◆ What you have to do ◆
Copy out each line below containing "hierboven".

◆ Data shown ◆
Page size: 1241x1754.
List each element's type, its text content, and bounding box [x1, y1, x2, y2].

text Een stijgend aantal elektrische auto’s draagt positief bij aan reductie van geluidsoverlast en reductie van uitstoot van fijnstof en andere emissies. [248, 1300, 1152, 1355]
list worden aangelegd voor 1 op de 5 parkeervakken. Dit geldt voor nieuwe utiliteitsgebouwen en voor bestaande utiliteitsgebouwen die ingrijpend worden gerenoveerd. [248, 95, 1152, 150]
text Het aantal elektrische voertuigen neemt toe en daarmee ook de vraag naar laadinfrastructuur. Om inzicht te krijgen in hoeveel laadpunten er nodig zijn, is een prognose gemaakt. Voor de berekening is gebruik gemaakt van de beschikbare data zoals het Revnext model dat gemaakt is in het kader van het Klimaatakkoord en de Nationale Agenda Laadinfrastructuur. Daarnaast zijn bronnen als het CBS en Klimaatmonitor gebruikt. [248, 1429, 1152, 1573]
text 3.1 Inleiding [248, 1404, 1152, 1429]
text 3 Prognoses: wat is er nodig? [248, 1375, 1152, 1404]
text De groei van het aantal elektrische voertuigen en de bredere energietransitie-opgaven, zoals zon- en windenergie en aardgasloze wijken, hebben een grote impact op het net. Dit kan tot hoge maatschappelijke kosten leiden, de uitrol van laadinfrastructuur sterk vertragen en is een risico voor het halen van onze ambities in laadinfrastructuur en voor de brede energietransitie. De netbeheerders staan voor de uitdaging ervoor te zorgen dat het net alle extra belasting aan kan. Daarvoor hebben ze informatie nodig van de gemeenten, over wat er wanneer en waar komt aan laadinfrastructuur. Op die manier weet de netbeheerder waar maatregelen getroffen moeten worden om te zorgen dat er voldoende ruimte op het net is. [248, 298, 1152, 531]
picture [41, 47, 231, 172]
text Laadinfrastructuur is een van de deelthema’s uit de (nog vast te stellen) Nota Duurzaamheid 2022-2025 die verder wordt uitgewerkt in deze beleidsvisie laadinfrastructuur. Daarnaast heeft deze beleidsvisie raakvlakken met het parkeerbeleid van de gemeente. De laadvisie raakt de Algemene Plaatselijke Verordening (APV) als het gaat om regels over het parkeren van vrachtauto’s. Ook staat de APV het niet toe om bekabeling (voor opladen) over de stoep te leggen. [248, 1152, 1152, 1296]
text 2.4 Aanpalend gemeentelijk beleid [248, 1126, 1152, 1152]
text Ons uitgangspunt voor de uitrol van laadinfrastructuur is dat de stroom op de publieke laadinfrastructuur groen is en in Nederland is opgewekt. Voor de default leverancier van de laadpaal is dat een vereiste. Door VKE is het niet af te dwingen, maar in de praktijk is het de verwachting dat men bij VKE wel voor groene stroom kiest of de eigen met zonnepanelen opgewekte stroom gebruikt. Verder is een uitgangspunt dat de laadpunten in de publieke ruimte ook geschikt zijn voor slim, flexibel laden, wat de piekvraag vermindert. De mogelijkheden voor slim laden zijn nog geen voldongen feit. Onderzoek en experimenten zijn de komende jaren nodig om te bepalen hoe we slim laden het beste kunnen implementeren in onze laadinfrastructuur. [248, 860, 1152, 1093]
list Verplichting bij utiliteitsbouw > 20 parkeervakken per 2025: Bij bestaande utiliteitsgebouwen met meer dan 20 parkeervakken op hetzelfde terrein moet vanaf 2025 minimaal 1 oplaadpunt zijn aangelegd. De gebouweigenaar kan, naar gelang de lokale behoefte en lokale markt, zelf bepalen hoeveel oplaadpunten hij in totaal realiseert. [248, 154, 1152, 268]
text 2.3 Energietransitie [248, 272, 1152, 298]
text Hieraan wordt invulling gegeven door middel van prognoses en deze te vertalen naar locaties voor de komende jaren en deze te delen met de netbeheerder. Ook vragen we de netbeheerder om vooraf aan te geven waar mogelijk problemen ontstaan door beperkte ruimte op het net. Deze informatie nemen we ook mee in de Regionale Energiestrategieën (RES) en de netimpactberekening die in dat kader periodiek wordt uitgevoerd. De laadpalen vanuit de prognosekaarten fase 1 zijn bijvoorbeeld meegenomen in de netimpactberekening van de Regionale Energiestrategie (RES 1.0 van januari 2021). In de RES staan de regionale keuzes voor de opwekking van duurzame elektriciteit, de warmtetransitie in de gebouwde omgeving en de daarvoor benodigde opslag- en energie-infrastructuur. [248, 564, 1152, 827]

...

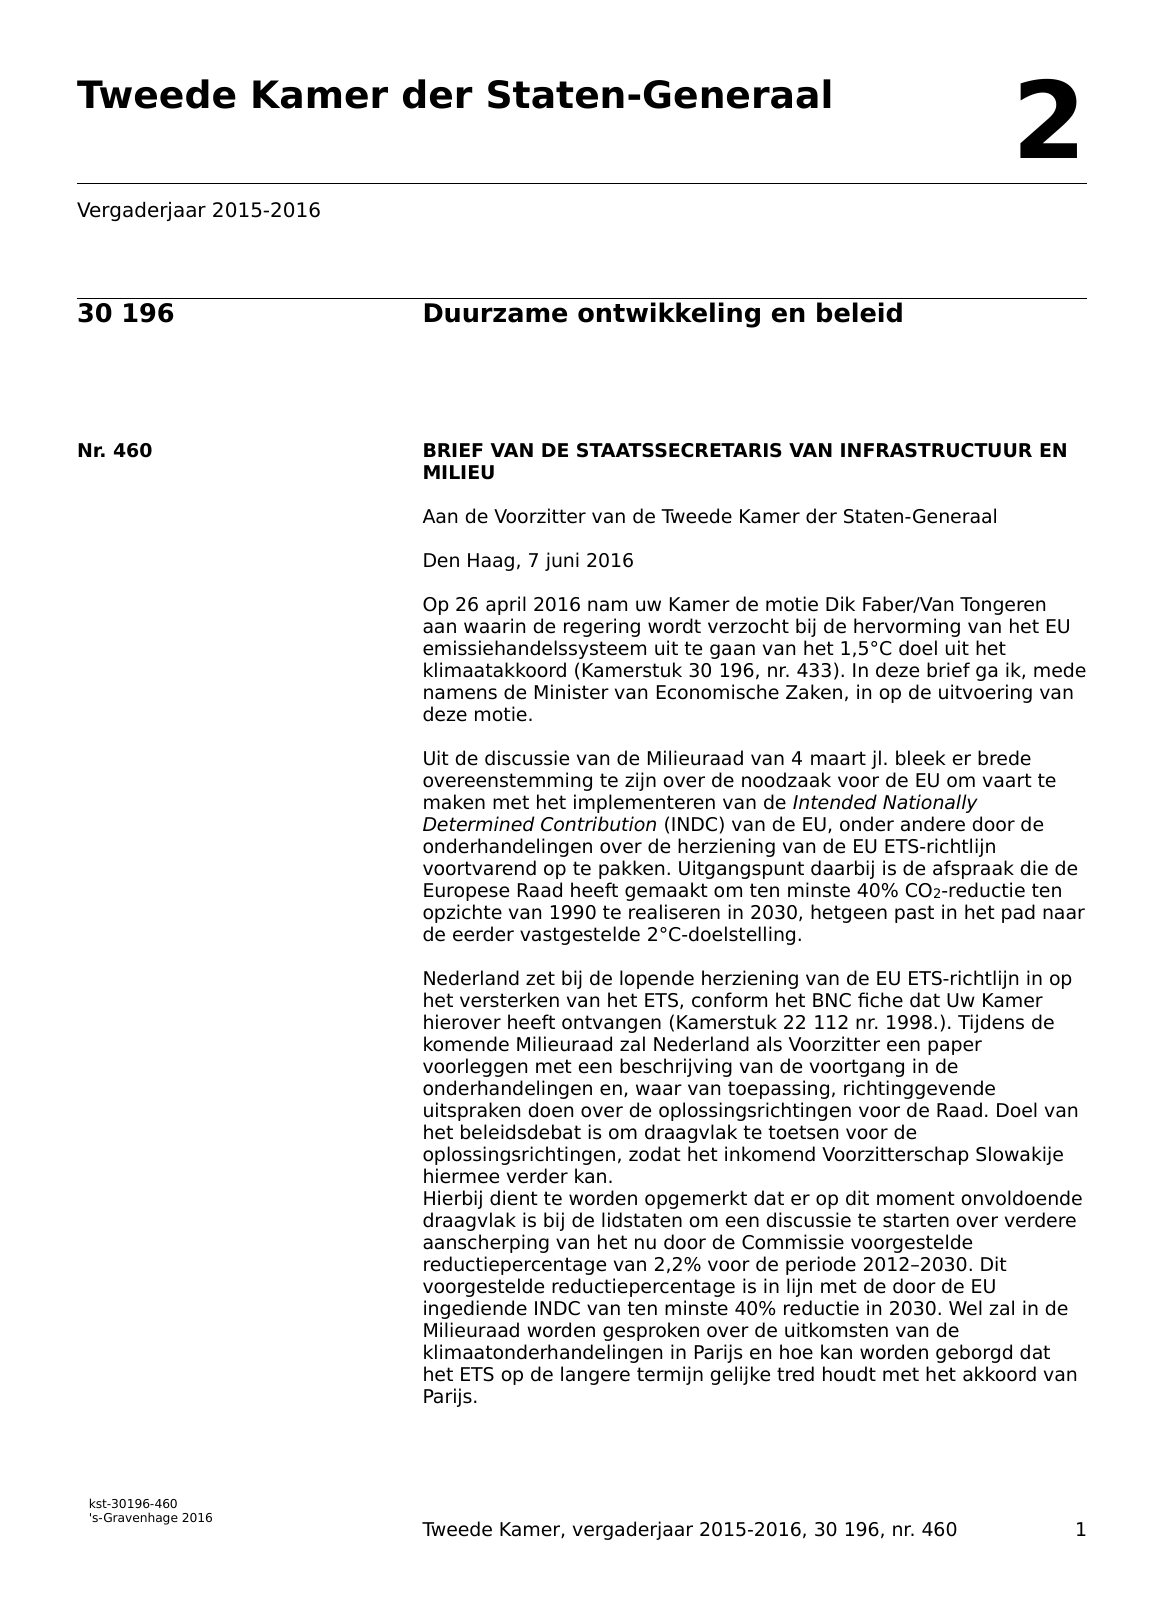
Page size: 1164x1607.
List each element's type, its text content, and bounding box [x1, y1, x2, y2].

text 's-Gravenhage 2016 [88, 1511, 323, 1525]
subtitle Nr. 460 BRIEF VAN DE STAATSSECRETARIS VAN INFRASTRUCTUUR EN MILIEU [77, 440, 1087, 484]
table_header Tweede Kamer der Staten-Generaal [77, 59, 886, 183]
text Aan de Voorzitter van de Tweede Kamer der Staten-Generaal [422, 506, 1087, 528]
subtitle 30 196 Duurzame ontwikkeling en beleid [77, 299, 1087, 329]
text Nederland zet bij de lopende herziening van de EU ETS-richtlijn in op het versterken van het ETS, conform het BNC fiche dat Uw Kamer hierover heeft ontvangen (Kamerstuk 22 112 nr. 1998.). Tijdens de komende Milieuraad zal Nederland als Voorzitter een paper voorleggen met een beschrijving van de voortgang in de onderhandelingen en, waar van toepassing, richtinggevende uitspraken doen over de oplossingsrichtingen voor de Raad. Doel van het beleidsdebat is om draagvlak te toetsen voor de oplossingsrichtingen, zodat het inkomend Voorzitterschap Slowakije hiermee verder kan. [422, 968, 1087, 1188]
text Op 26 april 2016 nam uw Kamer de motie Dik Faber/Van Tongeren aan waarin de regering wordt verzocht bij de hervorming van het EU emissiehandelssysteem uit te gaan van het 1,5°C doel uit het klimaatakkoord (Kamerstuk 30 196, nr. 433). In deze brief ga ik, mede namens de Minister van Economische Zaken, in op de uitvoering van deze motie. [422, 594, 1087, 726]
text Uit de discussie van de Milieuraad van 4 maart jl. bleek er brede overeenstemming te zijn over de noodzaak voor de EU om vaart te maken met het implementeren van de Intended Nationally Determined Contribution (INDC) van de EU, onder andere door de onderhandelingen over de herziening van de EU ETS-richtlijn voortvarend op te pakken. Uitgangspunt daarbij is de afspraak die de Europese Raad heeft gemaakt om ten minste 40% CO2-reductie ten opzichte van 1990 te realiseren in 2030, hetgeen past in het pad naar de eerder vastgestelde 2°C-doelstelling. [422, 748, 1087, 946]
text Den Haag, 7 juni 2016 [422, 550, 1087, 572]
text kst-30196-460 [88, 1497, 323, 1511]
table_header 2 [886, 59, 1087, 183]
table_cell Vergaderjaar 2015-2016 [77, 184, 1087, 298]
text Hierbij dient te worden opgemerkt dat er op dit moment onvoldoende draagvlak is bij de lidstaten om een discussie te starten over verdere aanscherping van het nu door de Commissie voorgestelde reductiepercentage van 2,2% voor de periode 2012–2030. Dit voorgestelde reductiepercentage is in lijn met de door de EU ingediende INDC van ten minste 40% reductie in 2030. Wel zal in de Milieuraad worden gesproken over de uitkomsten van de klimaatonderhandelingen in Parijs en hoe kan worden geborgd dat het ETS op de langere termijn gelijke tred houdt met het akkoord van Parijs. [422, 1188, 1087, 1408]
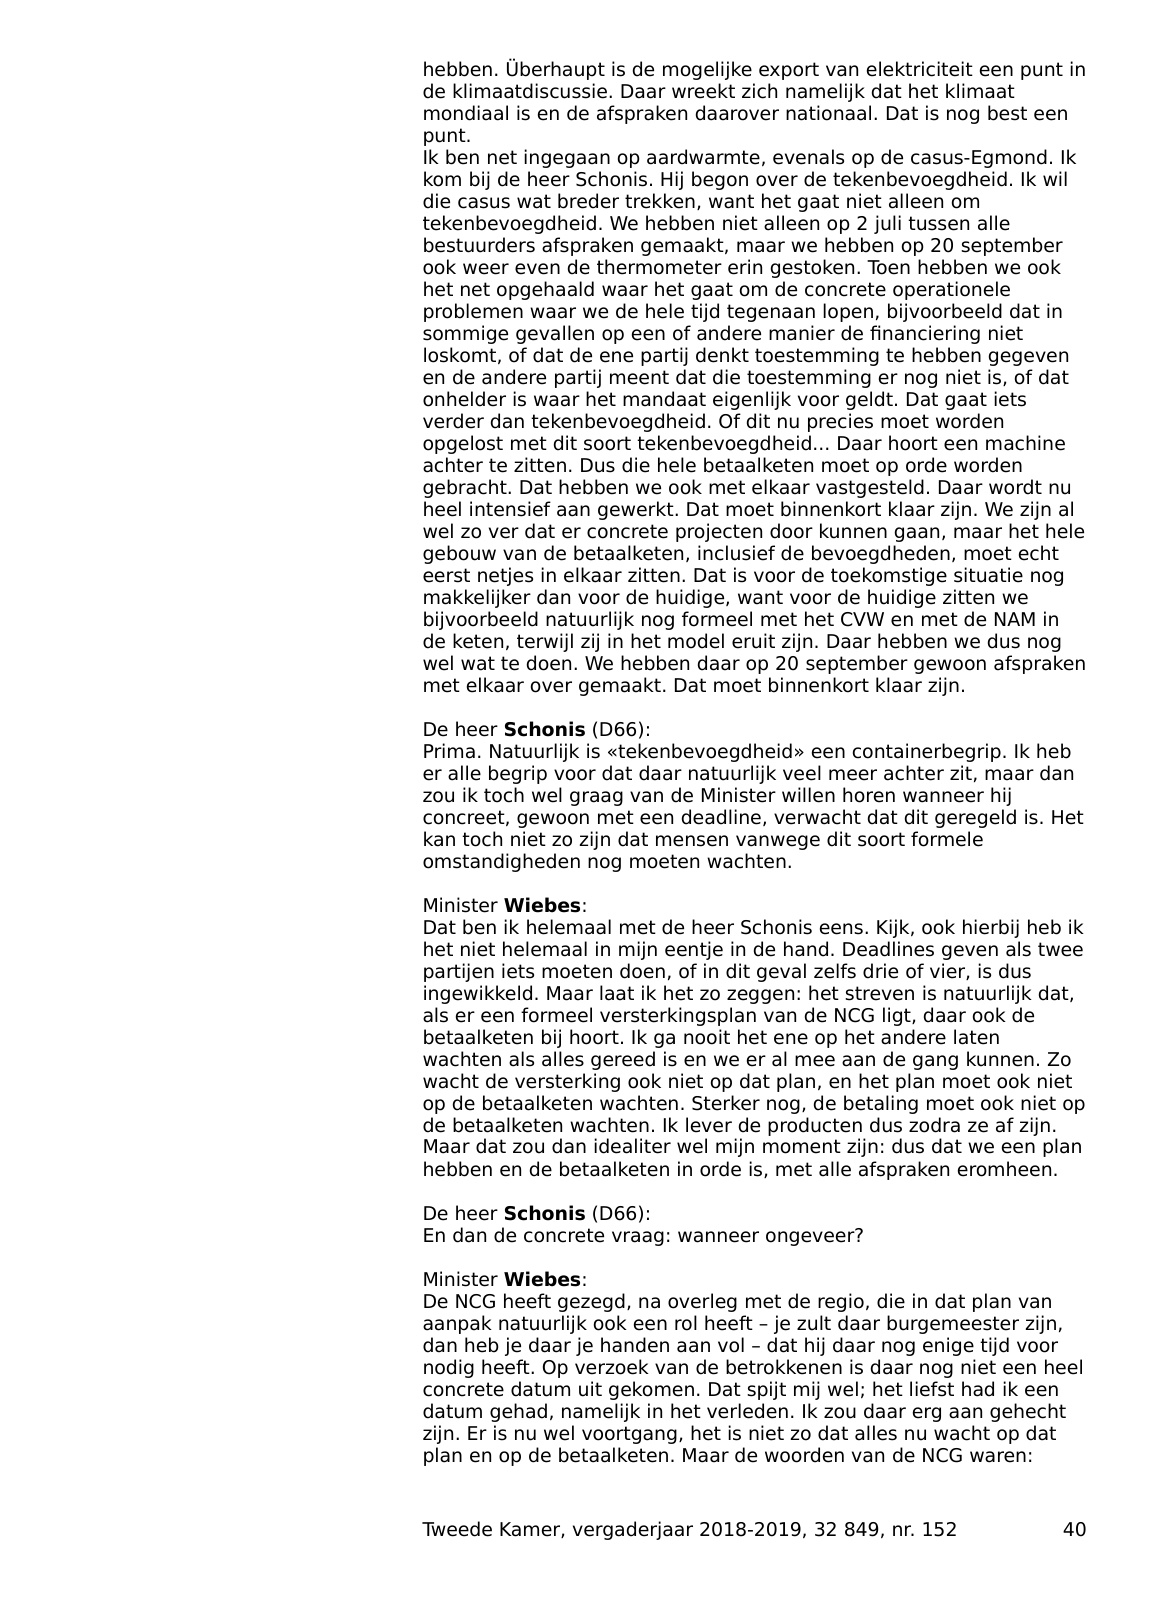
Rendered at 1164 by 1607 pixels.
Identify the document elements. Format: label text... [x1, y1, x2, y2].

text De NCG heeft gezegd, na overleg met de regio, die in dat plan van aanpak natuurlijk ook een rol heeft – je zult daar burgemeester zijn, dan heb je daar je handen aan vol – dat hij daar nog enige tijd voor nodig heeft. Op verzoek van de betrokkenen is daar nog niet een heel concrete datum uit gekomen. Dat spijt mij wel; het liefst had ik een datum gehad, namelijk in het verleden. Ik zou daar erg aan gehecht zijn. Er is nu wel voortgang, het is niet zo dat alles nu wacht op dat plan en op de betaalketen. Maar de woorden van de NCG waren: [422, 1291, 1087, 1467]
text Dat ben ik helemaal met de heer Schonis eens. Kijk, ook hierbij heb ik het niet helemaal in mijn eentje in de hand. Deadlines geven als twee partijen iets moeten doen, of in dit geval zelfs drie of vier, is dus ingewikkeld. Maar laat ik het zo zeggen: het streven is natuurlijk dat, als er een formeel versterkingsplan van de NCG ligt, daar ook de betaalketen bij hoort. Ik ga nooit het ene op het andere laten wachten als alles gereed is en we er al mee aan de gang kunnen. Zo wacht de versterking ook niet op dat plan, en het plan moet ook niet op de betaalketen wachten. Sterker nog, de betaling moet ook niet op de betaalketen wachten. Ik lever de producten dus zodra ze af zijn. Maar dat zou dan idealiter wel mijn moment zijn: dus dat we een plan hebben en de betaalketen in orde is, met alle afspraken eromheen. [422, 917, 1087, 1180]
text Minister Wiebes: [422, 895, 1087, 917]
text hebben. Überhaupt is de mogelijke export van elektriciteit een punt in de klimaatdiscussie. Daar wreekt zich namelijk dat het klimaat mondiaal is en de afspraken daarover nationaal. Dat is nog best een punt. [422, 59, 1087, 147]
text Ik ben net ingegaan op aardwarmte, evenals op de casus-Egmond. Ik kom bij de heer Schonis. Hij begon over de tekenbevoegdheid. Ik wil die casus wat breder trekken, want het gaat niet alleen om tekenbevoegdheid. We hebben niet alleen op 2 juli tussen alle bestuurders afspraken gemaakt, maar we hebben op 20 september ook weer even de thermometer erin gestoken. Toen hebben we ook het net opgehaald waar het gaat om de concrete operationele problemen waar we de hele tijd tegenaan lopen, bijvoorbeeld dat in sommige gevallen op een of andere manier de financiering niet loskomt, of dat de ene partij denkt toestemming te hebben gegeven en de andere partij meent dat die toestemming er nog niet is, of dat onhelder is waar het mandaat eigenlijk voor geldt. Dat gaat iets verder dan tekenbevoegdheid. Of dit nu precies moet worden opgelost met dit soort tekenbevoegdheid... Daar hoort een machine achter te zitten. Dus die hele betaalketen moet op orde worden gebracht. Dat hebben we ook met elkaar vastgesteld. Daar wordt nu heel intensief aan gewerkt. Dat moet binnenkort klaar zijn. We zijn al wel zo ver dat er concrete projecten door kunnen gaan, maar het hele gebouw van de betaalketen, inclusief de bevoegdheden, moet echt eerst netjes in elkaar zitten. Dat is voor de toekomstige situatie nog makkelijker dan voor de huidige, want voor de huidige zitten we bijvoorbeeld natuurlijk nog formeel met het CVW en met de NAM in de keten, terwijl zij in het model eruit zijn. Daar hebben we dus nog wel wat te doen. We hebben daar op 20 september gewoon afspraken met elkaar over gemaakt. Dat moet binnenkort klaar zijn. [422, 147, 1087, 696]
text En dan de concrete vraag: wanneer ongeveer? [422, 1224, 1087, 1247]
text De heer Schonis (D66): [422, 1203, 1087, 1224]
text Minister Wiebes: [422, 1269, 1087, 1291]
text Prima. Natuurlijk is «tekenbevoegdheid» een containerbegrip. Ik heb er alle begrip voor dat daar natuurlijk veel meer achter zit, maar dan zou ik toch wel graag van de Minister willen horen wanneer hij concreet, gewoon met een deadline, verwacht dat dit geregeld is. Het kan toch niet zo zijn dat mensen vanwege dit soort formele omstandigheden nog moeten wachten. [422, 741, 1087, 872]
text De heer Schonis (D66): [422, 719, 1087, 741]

==

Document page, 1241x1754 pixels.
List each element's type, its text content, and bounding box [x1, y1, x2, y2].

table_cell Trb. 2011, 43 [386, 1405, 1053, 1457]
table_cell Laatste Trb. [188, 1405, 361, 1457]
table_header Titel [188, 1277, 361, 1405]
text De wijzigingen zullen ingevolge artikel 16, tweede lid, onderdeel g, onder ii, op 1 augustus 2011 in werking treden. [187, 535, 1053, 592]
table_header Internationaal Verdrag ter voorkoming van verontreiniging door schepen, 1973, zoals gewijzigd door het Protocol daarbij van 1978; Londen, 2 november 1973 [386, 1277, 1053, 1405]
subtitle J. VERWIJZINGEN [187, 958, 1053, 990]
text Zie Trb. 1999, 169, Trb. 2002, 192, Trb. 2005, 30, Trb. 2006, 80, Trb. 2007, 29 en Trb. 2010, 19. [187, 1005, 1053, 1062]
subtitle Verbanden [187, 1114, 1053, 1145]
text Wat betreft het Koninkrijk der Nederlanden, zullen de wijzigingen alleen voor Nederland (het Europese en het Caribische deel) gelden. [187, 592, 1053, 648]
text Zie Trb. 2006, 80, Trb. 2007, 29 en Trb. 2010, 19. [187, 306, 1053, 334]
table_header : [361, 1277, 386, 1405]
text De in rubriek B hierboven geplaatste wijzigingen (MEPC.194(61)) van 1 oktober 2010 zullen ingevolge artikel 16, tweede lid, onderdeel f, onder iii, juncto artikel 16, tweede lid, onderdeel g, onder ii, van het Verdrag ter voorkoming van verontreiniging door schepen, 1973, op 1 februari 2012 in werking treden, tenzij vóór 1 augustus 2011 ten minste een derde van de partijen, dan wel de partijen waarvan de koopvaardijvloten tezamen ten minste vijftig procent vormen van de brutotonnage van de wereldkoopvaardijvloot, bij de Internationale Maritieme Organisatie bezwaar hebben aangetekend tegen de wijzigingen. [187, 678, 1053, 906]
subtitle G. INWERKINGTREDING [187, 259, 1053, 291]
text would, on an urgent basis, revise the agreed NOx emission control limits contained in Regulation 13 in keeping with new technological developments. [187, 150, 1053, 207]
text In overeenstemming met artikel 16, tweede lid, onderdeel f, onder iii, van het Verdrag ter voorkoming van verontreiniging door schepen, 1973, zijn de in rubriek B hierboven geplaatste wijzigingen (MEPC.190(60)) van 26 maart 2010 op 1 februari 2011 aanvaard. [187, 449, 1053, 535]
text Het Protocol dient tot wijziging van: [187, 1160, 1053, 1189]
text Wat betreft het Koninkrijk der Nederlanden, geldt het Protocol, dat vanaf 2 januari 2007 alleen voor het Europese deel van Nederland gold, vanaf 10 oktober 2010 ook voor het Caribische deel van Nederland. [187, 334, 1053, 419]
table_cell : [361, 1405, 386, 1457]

◆ Problem solution ◆
text De in rubriek B hierboven geplaatste wijzigingen (MEPC.194(61)) van 1 oktober 2010 zullen ingevolge artikel 16, tweede lid, onderdeel f, onder iii, juncto artikel 16, tweede lid, onderdeel g, onder ii, van het Verdrag ter voorkoming van verontreiniging door schepen, 1973, op 1 februari 2012 in werking treden, tenzij vóór 1 augustus 2011 ten minste een derde van de partijen, dan wel de partijen waarvan de koopvaardijvloten tezamen ten minste vijftig procent vormen van de brutotonnage van de wereldkoopvaardijvloot, bij de Internationale Maritieme Organisatie bezwaar hebben aangetekend tegen de wijzigingen. [187, 678, 1053, 906]
text In overeenstemming met artikel 16, tweede lid, onderdeel f, onder iii, van het Verdrag ter voorkoming van verontreiniging door schepen, 1973, zijn de in rubriek B hierboven geplaatste wijzigingen (MEPC.190(60)) van 26 maart 2010 op 1 februari 2011 aanvaard. [187, 449, 1053, 535]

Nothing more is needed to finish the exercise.